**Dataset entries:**
--- START ---
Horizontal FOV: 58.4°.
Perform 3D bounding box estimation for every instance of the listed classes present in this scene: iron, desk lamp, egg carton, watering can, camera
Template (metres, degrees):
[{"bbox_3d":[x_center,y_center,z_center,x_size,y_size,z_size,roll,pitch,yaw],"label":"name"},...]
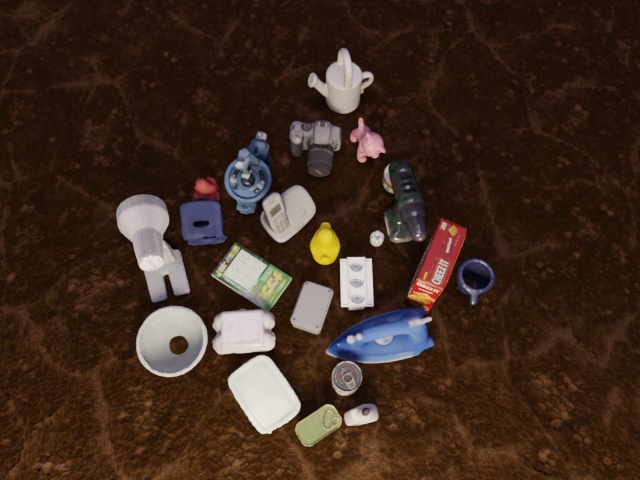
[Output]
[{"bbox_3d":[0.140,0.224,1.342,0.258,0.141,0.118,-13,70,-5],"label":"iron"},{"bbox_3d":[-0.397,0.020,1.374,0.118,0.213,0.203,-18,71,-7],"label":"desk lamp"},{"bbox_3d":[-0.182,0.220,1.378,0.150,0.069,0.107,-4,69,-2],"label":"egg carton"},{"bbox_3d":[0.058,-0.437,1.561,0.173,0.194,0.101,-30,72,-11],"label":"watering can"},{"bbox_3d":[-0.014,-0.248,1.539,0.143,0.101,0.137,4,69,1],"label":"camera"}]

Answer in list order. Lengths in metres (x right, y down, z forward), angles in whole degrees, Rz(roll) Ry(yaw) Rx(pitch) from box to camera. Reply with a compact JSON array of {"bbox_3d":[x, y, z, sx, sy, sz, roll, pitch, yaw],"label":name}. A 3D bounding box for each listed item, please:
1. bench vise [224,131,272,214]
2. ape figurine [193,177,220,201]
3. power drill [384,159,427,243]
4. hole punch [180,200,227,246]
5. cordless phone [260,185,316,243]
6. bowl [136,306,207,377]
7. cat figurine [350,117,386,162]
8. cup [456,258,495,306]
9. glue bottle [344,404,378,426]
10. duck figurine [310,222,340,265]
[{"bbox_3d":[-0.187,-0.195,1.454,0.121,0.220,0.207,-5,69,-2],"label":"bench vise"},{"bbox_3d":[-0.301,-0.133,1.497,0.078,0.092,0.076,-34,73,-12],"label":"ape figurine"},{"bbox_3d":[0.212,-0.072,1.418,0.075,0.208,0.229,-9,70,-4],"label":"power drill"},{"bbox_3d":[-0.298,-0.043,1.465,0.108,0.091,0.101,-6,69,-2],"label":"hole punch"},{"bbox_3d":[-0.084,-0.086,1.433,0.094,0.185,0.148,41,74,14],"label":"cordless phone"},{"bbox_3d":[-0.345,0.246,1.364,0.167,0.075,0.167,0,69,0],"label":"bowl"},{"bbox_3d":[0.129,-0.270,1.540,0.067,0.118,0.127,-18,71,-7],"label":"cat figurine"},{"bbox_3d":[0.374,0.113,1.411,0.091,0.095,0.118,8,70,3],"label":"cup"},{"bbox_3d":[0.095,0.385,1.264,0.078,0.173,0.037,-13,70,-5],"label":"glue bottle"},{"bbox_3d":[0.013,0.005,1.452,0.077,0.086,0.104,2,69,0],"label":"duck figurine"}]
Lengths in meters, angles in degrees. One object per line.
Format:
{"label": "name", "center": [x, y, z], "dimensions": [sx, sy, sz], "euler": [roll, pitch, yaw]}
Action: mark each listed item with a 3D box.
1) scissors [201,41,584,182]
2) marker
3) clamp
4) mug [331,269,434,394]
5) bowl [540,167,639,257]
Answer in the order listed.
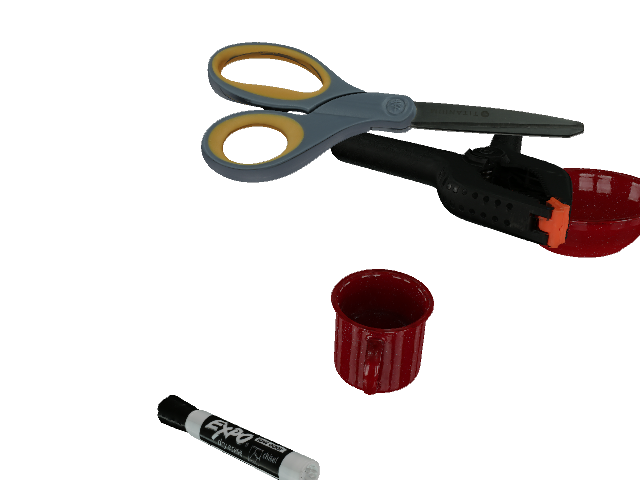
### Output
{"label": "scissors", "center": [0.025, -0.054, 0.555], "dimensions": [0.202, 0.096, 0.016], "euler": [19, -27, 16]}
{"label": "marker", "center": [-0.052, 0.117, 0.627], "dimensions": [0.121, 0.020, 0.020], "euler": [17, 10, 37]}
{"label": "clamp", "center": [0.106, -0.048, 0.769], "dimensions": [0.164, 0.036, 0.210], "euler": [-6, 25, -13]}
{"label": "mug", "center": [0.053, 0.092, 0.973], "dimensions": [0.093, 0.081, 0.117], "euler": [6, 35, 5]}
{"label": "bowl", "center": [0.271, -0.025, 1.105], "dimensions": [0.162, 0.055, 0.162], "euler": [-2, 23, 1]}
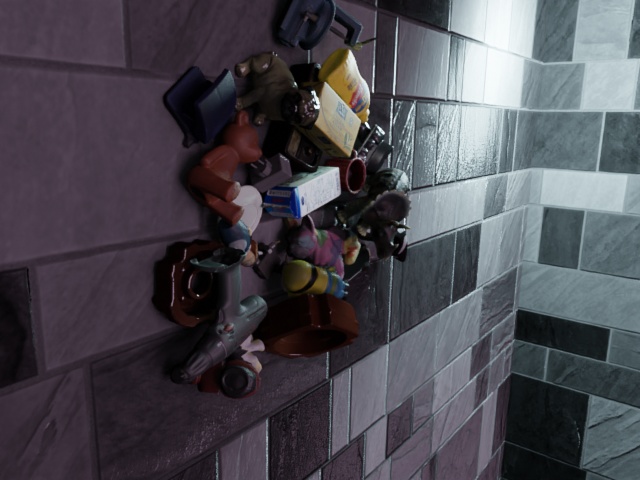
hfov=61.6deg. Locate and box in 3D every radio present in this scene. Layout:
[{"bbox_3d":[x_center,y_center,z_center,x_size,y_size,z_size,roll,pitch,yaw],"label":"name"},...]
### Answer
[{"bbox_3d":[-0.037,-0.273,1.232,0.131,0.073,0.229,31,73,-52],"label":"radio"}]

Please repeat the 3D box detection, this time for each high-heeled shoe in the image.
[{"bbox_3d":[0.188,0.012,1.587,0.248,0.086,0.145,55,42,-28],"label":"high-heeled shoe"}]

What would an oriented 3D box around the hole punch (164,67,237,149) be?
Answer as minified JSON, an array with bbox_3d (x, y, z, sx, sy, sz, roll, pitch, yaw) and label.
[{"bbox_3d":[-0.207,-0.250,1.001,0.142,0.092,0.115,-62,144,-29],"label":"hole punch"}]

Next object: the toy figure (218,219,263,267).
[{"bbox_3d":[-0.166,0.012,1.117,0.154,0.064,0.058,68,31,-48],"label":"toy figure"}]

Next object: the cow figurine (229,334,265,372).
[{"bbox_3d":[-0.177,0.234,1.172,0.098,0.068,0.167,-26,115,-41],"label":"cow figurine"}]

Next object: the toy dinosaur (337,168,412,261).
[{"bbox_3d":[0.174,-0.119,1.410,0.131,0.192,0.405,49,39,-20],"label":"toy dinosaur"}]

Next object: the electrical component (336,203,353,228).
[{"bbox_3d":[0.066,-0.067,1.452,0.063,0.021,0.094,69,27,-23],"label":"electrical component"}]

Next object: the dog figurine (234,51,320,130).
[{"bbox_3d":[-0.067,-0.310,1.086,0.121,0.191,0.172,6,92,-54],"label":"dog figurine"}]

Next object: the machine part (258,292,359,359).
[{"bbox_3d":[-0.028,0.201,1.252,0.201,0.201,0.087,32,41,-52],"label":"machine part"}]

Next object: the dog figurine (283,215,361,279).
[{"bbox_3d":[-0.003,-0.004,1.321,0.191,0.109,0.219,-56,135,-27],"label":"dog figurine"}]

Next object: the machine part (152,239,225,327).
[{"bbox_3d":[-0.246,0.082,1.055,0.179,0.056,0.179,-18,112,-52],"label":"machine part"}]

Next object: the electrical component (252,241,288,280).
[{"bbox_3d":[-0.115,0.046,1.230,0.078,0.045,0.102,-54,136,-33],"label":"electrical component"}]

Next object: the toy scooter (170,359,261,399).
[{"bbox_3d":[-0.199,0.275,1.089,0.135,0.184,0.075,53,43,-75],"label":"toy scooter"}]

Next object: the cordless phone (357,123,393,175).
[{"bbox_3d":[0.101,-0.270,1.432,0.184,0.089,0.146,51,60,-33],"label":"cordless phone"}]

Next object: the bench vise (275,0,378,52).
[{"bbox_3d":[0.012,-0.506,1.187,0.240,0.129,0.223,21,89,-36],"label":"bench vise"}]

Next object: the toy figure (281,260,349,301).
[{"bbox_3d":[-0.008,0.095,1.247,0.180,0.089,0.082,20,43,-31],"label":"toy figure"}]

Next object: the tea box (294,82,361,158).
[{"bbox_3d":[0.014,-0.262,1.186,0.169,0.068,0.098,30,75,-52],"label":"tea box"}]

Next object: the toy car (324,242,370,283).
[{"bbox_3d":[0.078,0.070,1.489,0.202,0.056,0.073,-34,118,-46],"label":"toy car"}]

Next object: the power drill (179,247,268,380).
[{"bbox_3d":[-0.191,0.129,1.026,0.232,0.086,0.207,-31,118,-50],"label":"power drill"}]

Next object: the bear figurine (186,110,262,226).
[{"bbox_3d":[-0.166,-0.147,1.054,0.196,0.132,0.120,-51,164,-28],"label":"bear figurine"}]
--- END ---
**Work to complete:** Check each line of the entries, and copy the ones that contain "present".

**Solution to the exercise:**
Perform 3D bounding box estimation for every instance of the listed classes present in this scene: iron, desk lamp, egg carton, watering can, camera
hfov=61.6deg. Locate and box in 3D every radio present in this scene. Layout:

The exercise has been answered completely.